As with many other genomic data repositories, the GISAID data in COVID-19 Viral Beacon in particular is lacking context because the biobanks that collect samples hide some personal information of donors, including their age and sex. Also, GISAID's data licensing agreement prohibits the redistribution of certain elements of the dataset.
"This means that we need to think in how to do some features in order to not to break [the] agreement," Rambla said.
He was particularly struck by the lack of metadata available to COVID-19 Viral Beacon prior to the CRG processing. "The pressure for getting access to the data and doing analysis on the data is so big that it's shocking to me that we haven't gotten [more] on that," Rambla said. Conspicuously absent are any clues about race or ethnicity.
"You cannot infer anything about [whether a mutation] is more common in men than women or in Asian people or in African people.
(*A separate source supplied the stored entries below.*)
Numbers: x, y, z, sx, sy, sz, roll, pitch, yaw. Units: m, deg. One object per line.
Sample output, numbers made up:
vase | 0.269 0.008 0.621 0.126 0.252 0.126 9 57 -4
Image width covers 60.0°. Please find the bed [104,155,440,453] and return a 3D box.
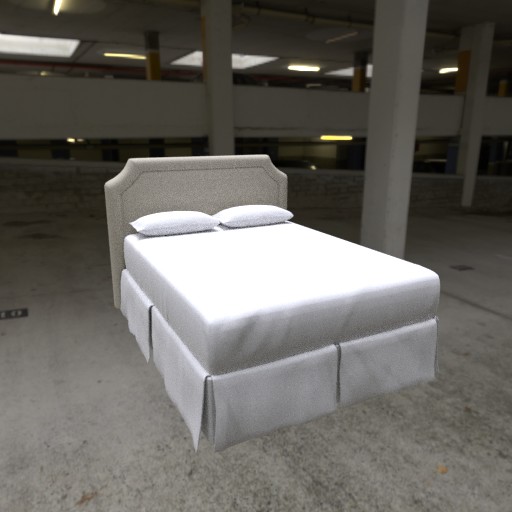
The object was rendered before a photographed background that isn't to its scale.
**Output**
bed | 0.000 0.000 3.167 1.693 1.290 2.116 -8 18 -26
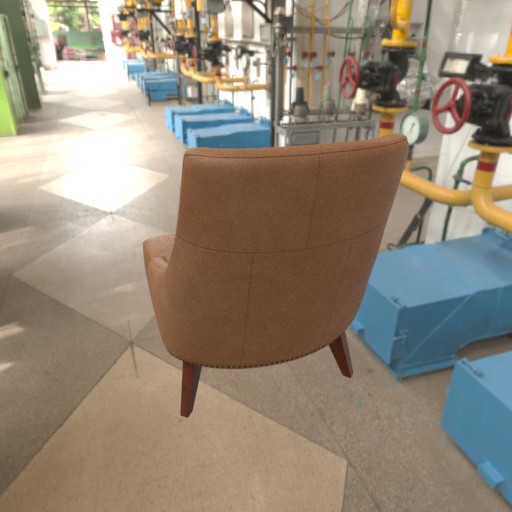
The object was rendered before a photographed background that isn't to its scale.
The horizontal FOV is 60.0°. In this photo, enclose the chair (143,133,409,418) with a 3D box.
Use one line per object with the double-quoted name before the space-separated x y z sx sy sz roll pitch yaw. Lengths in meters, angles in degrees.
"chair" 0.000 0.000 1.485 0.701 0.909 0.861 -8 28 -16
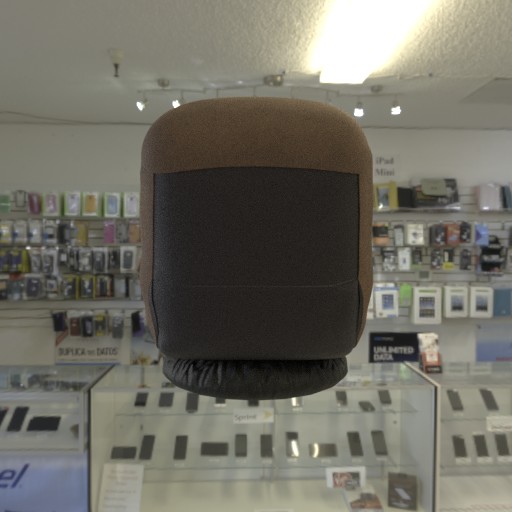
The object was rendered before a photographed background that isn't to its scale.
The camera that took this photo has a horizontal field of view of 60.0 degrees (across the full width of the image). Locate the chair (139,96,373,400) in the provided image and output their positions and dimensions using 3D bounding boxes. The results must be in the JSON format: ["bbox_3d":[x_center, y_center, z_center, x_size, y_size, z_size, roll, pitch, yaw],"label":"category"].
[{"bbox_3d":[0.000,0.000,1.060,0.521,0.594,0.597,0,1,0],"label":"chair"}]

You're completely blind to this information," Rambla said.
If a sample is known to come from China, for example, it is reasonable to assume that the donor is Asian, but even that is not a certainty. The problem is more acute in Europe and North America, where populations are far more diverse.
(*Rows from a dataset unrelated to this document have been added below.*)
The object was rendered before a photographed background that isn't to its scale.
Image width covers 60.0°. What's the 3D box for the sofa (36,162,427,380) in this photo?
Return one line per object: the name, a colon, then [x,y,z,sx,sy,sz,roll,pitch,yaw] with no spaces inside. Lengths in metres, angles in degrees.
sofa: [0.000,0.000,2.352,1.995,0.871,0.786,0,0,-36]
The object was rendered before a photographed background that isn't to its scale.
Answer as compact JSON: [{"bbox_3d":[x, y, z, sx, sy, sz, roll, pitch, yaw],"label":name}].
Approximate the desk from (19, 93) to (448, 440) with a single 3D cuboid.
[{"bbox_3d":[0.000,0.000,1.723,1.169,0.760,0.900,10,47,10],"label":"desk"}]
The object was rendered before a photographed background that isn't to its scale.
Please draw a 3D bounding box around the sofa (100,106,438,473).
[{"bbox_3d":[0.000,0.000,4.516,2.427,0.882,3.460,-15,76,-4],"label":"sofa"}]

Rick Stevens, associate laboratory director at Argonne National Laboratory in Lemont, Illinois, called COVID-19 Viral Beacon "certainly useful" to the research community, but noted the same shortfalls of the GISAID dataset.
Stevens was especially struck by the Oxford Nanopore and Illumina pipelines to help overcome some of the limitations of the GISAID data, which lacks a lot of metadata and does not allow the redistribution of certain demographic characteristics of sample donors. "What they've done is integration of the raw data with the assembled data, which is really useful," Stevens said. He also praised the graphical display on the COVID-19 Viral Beacon website.
For its part, CRG is now beefing up statistical information on the website, including infection breakdown by patient sex, age range, and country when available, complete with search capabilities. "Instead of giving you a set of numbers saying this is the number of mutations with a raw list of where you find it, we will offer you some more statistical context," Rambla said.
He said that they are also looking at presenting information on indels in viral genomes rather than just single-nucleotide variants. "Sometimes it's very relevant because it is what is making a protein functional or not functional or extra-functional," Rambla said.
In a statement, EGA team member Babita Singh said that the CRG is now looking to collaborate with others in the field to make Viral Beacon "a quick, go-to genomic variants search tool for COVID and other infectious diseases." Singh expressed a desire to add human genomic variants in the future to support research into the interactions between human and viral genomic factors.
"This is a useful resource," said Argonne's Stevens. "Is it going to give us something that's impossible to get any other way? No, but it's good that they're doing it and they're making the data that they can distribute available."